*** Opening Data for this task ***

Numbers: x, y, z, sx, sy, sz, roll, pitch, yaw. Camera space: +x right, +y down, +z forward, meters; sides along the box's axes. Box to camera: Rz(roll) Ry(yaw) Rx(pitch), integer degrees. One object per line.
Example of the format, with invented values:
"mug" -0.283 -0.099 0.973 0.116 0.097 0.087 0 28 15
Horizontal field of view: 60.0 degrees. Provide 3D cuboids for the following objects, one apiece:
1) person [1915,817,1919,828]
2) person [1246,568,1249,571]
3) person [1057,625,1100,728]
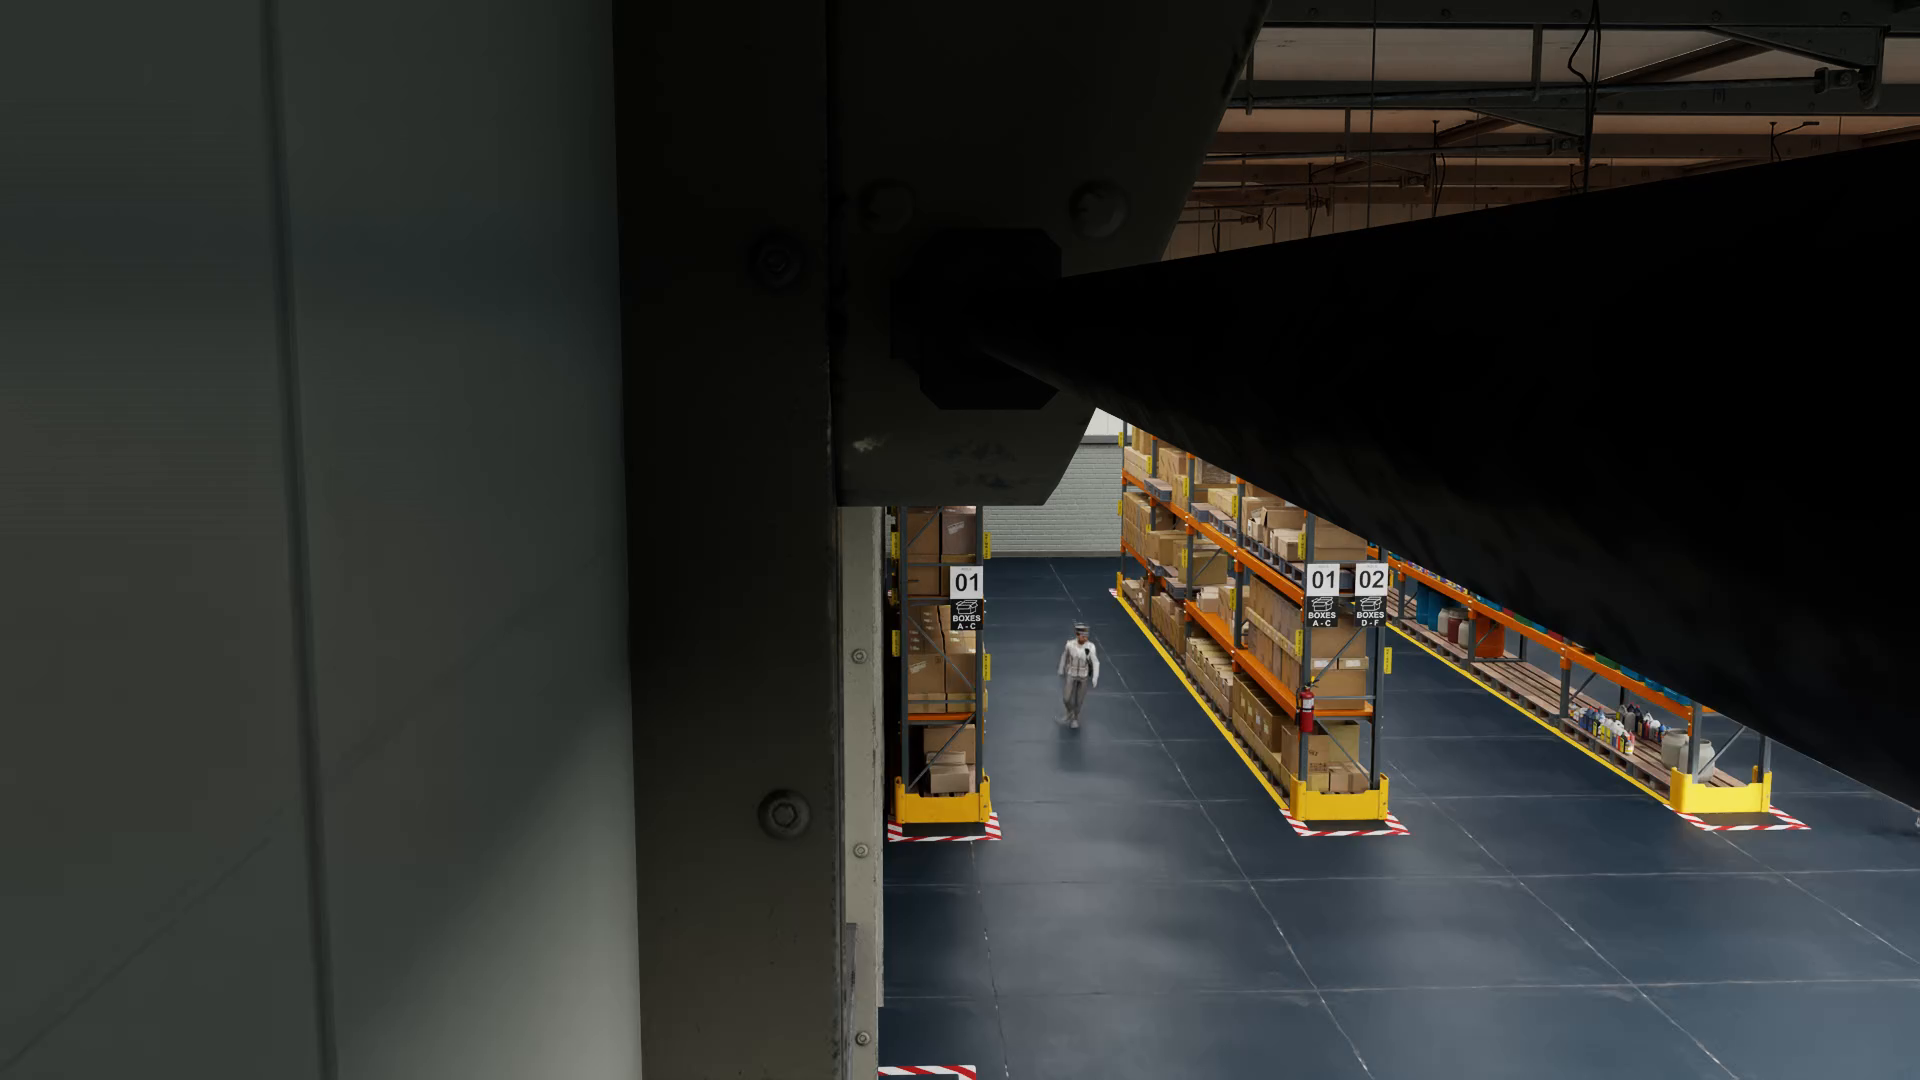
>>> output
"person" 11.950 2.743 19.832 0.845 1.653 0.757 7 11 42
"person" 7.009 -0.090 39.914 0.873 1.709 0.598 -6 10 -36
"person" 1.771 2.047 24.866 0.620 1.616 0.604 0 8 1

*** Closing Data for this task ***

What the task asks -> Please set down every record above exactly as it appears, leaving out the pictures.

Written answer ->
Numbers: x, y, z, sx, sy, sz, roll, pitch, yaw. Camera space: +x right, +y down, +z forward, meters; sides along the box's axes. Box to camera: Rz(roll) Ry(yaw) Rx(pitch), integer degrees. One object per line.
Example of the format, with invented values:
"mug" -0.283 -0.099 0.973 0.116 0.097 0.087 0 28 15
Horizontal field of view: 60.0 degrees. Provide 3D cuboids for the following objects, one apiece:
1) person [1915,817,1919,828]
2) person [1246,568,1249,571]
3) person [1057,625,1100,728]
>>> output
"person" 11.950 2.743 19.832 0.845 1.653 0.757 7 11 42
"person" 7.009 -0.090 39.914 0.873 1.709 0.598 -6 10 -36
"person" 1.771 2.047 24.866 0.620 1.616 0.604 0 8 1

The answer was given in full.